I relieved Krogg of his weapon and tossed
him into the Muskingum.
“Everything,” the Rev. said.
“Ever since you left, things have been happening at the institution.
It’s like you left something behind that’s giving people
the ability to make their sicknesses a reality. It was chaos for the
longest time, but then there was an uprising and everyone escaped. The
only way I can think to end it: I have to kill you.” The Rev.
put up his dukes like a boxer from 1908. I was just waiting for him
to say something like “Have at you!”
That would have been a kick.
I punched him in the face and he went down
like a clown on stilts. I punched him a few more times just to get the
point across, when I heard another prayer coming through.
Dear Sheos,
Can you save those poor people I’m seeing on the news. I think
the town’s name is Marietta, OH. They’re under attack!
Concerned |
Connie…
I wanted to tell Connie-cerned that this
time I actually could. That I could help out for once, but something
came down from the sky that let me know that things were about to get
much, much worse. It was Rabies. He landed on the bridge like he was
Superman, said not to worry, that he’d come to help, and flew
off again. He got about two-hundred feet off the ground before he started
to glow.
“Shit,” I said and tossed the
Rev. into the Muskingum before diving off myself to join him. By the
time I had splashed into the water, Rabies detonated himself. Before
that moment, only a group of structures in the town were completely
compromised, but after, all of the small town was burning in my name,
thanks to a god that liked to jump into the action headfirst.

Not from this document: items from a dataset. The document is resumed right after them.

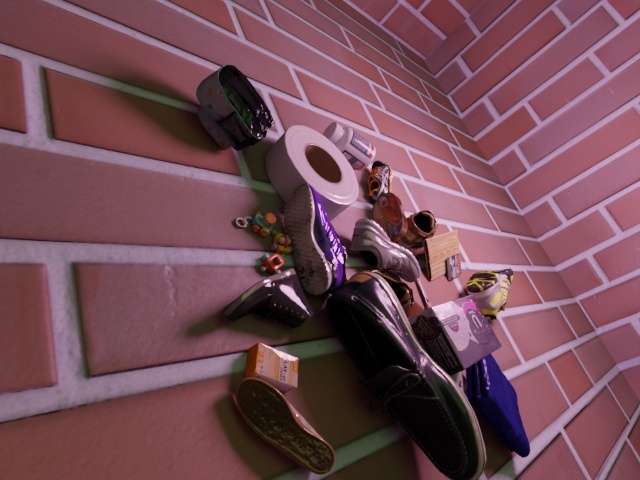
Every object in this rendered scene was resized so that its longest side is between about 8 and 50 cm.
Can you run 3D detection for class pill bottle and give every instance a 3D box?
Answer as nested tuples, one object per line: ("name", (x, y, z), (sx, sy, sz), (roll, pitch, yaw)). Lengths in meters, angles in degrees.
("pill bottle", (0.098, -0.335, 1.494), (0.180, 0.108, 0.108), (29, 40, -30))

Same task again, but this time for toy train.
("toy train", (-0.119, -0.002, 0.993), (0.166, 0.046, 0.125), (56, 34, 6))

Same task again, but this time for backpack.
("backpack", (-0.227, -0.340, 1.080), (0.189, 0.144, 0.166), (60, 29, -30))

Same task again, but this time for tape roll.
("tape roll", (-0.020, -0.196, 1.240), (0.286, 0.100, 0.286), (30, 39, -28))

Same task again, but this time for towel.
("towel", (0.501, 0.451, 1.228), (0.308, 0.076, 0.228), (52, 28, -26))

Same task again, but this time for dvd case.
("dvd case", (0.514, 0.099, 1.627), (0.119, 0.013, 0.087), (-12, 98, -54))

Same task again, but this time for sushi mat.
("sushi mat", (0.464, 0.050, 1.593), (0.316, 0.019, 0.152), (-12, 95, -53))

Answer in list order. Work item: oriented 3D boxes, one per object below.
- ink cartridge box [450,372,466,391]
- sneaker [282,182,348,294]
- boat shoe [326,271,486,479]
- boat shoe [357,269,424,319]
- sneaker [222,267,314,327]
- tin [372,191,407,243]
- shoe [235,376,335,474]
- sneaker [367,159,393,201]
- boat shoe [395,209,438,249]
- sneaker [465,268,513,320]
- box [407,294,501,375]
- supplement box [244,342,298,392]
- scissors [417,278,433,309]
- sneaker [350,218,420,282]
("ink cartridge box", (0.313, 0.349, 1.159), (0.180, 0.060, 0.104), (52, 34, 1))
("sneaker", (-0.001, 0.001, 1.084), (0.146, 0.102, 0.294), (10, 62, -50))
("boat shoe", (0.171, 0.303, 0.940), (0.155, 0.187, 0.501), (-15, 69, -45))
("boat shoe", (0.208, 0.173, 1.159), (0.307, 0.104, 0.111), (27, 41, -32))
("sneaker", (-0.092, 0.138, 0.864), (0.118, 0.083, 0.222), (57, 33, 7))
("tin", (0.231, -0.075, 1.415), (0.040, 0.106, 0.190), (30, 40, -40))
("shoe", (-0.069, 0.329, 0.749), (0.219, 0.058, 0.076), (45, 65, -2))
("sneaker", (0.211, -0.221, 1.547), (0.083, 0.084, 0.215), (23, 44, -28))
("boat shoe", (0.366, -0.048, 1.530), (0.324, 0.120, 0.123), (-22, 76, -55))
("sneaker", (0.674, 0.203, 1.675), (0.384, 0.145, 0.147), (-15, 91, -51))
("box", (0.327, 0.248, 1.086), (0.247, 0.142, 0.164), (-1, 60, -49))
("supplement box", (-0.091, 0.243, 0.809), (0.098, 0.036, 0.062), (30, 40, -29))
("scissors", (0.345, 0.208, 1.358), (0.108, 0.021, 0.297), (-4, 64, -49))
("sneaker", (0.187, 0.057, 1.277), (0.281, 0.105, 0.115), (37, 66, -23))
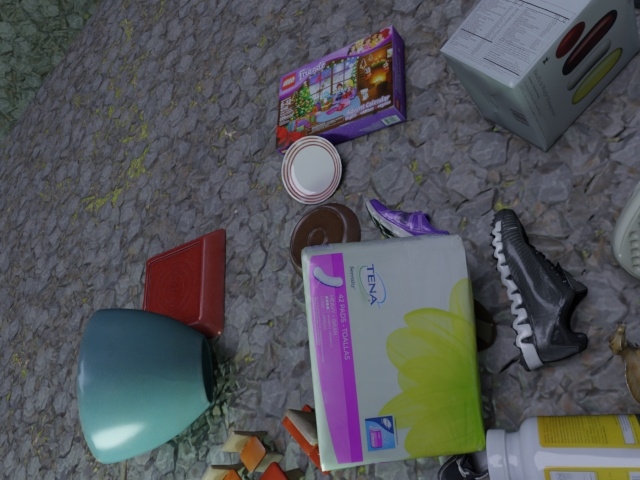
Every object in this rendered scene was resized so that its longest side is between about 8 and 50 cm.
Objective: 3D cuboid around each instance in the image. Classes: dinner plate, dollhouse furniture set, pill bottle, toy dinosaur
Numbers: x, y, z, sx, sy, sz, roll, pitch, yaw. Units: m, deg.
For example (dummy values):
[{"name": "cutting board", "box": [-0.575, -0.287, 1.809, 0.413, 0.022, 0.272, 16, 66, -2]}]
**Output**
[{"name": "dinner plate", "box": [-0.018, -0.146, 1.041, 0.141, 0.017, 0.141, 3, 96, 28]}, {"name": "dollhouse furniture set", "box": [-0.063, 0.394, 0.793, 0.262, 0.135, 0.259, 36, 95, 41]}, {"name": "pill bottle", "box": [0.296, 0.258, 0.584, 0.184, 0.103, 0.103, -10, 65, 24]}, {"name": "toy dinosaur", "box": [0.385, 0.160, 0.592, 0.092, 0.183, 0.053, -45, 11, -38]}]

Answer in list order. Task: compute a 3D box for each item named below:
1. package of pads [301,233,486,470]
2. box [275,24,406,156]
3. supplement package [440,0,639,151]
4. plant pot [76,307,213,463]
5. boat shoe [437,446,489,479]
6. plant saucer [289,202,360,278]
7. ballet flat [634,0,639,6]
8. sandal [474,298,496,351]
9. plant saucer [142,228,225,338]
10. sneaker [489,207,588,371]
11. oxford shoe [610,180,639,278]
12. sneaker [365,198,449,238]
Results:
[{"name": "package of pads", "box": [0.099, 0.144, 0.687, 0.230, 0.101, 0.296, -6, 87, -3]}, {"name": "box", "box": [0.037, -0.306, 1.064, 0.294, 0.057, 0.200, -13, 63, 33]}, {"name": "supplement package", "box": [0.329, -0.283, 0.743, 0.203, 0.194, 0.149, -50, 51, 10]}, {"name": "plant pot", "box": [-0.319, 0.267, 0.983, 0.196, 0.290, 0.290, -7, 61, -6]}, {"name": "boat shoe", "box": [0.211, 0.306, 0.687, 0.125, 0.038, 0.046, -33, 54, 22]}, {"name": "plant saucer", "box": [0.000, 0.000, 0.983, 0.169, 0.029, 0.168, -14, 64, 31]}, {"name": "ballet flat", "box": [0.531, -0.370, 0.709, 0.203, 0.074, 0.074, 34, 93, 41]}, {"name": "sandal", "box": [0.161, 0.118, 0.785, 0.220, 0.060, 0.089, 3, 91, 23]}, {"name": "plant saucer", "box": [-0.333, 0.116, 1.175, 0.259, 0.048, 0.258, -20, 60, 30]}, {"name": "sneaker", "box": [0.308, 0.057, 0.698, 0.106, 0.078, 0.234, -18, 65, 28]}, {"name": "oxford shoe", "box": [0.517, -0.140, 0.596, 0.449, 0.169, 0.130, -58, 7, 13]}, {"name": "sneaker", "box": [0.150, -0.027, 0.871, 0.170, 0.068, 0.071, 36, 80, 32]}]
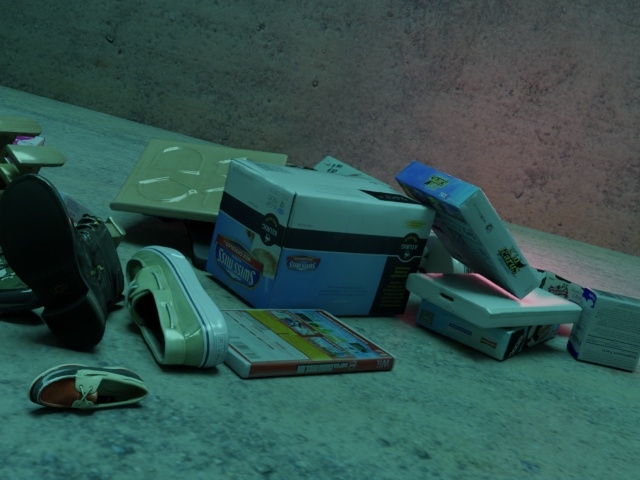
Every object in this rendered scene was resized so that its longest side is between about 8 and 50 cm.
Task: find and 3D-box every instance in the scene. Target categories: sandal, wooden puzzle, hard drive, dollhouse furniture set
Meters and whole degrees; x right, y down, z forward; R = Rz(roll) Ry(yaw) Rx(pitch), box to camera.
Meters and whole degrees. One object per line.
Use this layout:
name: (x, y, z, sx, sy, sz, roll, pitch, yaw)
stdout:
sandal: (-0.233, 0.010, 1.633, 0.097, 0.054, 0.254, 6, 23, -6)
wooden puzzle: (-0.251, -0.113, 1.706, 0.322, 0.080, 0.348, 8, 30, 2)
hard drive: (0.341, 0.113, 1.530, 0.307, 0.040, 0.203, 2, 17, -42)
dollhouse furniture set: (-0.461, -0.050, 1.269, 0.242, 0.212, 0.161, 48, 27, 21)

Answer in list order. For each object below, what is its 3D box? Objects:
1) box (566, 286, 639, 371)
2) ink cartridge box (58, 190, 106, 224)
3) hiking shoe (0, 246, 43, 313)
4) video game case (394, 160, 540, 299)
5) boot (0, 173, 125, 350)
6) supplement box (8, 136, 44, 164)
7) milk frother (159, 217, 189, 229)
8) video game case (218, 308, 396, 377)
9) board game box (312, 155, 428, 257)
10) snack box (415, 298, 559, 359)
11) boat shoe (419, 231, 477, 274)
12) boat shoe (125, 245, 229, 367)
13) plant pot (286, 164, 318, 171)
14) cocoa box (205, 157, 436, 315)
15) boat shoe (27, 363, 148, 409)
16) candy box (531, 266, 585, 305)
box: (0.577, 0.177, 1.568, 0.126, 0.137, 0.072, 13, 11, -6)
ink cartridge box: (-0.572, -0.077, 1.442, 0.311, 0.065, 0.186, 14, -12, 10)
hiking shoe: (-0.476, 0.027, 1.099, 0.227, 0.114, 0.086, 18, 13, 18)
video game case: (0.284, -0.027, 1.538, 0.244, 0.061, 0.269, 50, -4, -26)
boot: (-0.345, 0.009, 1.090, 0.091, 0.263, 0.229, -13, 21, 1)
supplement box: (-0.706, -0.179, 1.779, 0.111, 0.114, 0.220, 12, 14, -14)
milk frother: (-0.295, -0.073, 1.854, 0.135, 0.129, 0.143, -6, 67, -57)
video game case: (-0.051, 0.154, 1.224, 0.285, 0.025, 0.204, 4, 15, -38)
board game box: (0.106, -0.065, 1.943, 0.303, 0.097, 0.224, 35, -18, 55)
snack box: (0.349, 0.156, 1.587, 0.187, 0.060, 0.322, 22, 15, 32)
boat shoe: (0.336, 0.043, 1.911, 0.158, 0.127, 0.340, 4, 13, -10)
boat shoe: (-0.232, 0.085, 1.142, 0.094, 0.109, 0.302, 3, 19, -34)
plant pot: (-0.068, -0.091, 1.911, 0.167, 0.165, 0.167, 4, 18, -1)
cocoa box: (0.000, 0.000, 1.490, 0.347, 0.228, 0.231, 4, 18, -39)
boat shoe: (-0.258, 0.168, 0.880, 0.043, 0.049, 0.137, 27, 13, 40)
candy box: (0.489, 0.108, 1.781, 0.159, 0.071, 0.233, 24, -3, -23)
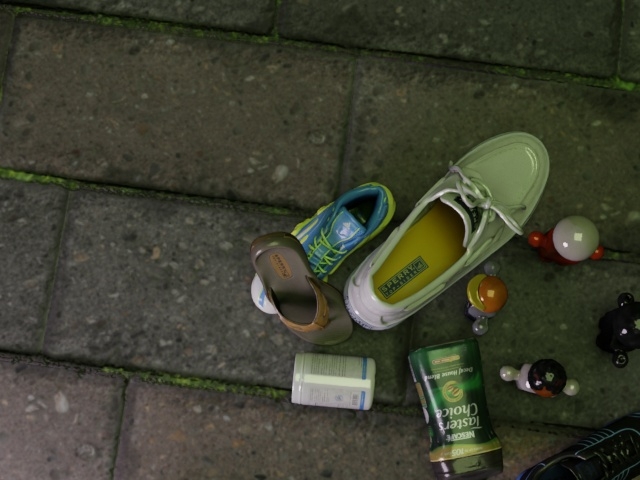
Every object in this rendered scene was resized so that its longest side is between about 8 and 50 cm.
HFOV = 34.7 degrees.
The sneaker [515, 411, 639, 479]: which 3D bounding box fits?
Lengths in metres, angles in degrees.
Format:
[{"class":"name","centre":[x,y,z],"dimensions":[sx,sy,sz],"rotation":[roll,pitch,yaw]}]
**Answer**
[{"class":"sneaker","centre":[0.365,0.292,1.334],"dimensions":[0.232,0.090,0.081],"rotation":[-27,81,-4]}]

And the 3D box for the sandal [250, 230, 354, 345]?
[{"class":"sandal","centre":[-0.022,0.075,1.326],"dimensions":[0.090,0.219,0.060],"rotation":[-21,43,8]}]

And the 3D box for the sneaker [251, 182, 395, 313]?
[{"class":"sneaker","centre":[0.000,0.000,1.366],"dimensions":[0.240,0.126,0.091],"rotation":[-44,83,-7]}]

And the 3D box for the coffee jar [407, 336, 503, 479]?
[{"class":"coffee jar","centre":[0.180,0.226,1.351],"dimensions":[0.096,0.079,0.184],"rotation":[-12,81,-2]}]

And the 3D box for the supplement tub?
[{"class":"supplement tub","centre":[0.018,0.187,1.362],"dimensions":[0.107,0.071,0.071],"rotation":[6,80,1]}]

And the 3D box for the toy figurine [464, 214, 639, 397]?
[{"class":"toy figurine","centre":[0.307,0.094,1.339],"dimensions":[0.210,0.148,0.213],"rotation":[-29,82,-5]}]

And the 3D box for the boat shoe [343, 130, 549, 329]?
[{"class":"boat shoe","centre":[0.184,-0.032,1.336],"dimensions":[0.367,0.156,0.136],"rotation":[-38,86,-17]}]

The Rev. and I washed up onto the shore closest
to Virginia St. The Rev. was dead, but his spirit was already standing
on the shore waiting for me to let go of the body. When Death showed
up, I told him to pass up the Rev. and collect all the rest.
“I can’t just skip him,”
Death said.
“Sure you can,” I said. “With
the right motivation, you can do anything.”
“Since you’re having a rough
night, I won’t remind you of what happened in Hilton Head.”
“And since I’m tired, I won’t
shove my foot up your cloak.”
Death sighed and walked away, picking up
random souls as he got closer to the town.
We were left alone. The Rev. wouldn’t
shut up. Lucifer came and joined us.
“All those people died because of me
tonight,” I said. Sure, I hated humans, they were annoying little
shits, but that didn’t mean I wanted to be the cause of their
mass demise.
“People die for gods all the time,”
Lucifer said, trying to put me at ease. It wasn’t working. “I
took care of the spider-baby.”
“Thanks,” I said. “Any
signs of Rabies?”
Lucifer shook his head.
“Probably for the best.”
I was lost. Didn’t know where I would
go next or what I would do. I stood up, yanking the Rev. up with me.
“Thanks for coming and trying to help,”
I told Lucifer.
“Sorry I didn’t make it in time.”
“Don’t beat yourself up over
it,” I said.
“Where are you going to go?”
The Rev. perked up at this question. He,
too, was curious where I was dragging him.
I thought about all the patients that were in that place that may have
been effected by my presence, by my leaking influence over time, reality,
and ability. I was like radiation. I thought about all the files in
all the cabinets that would lead me to their whereabouts and how I might
be able to strip them of any alterations that my just being around them
for so long may have caused.
Of course, I didn’t let any of that
slip. Instead, I just said four little words: “Back to Cedar Hills.”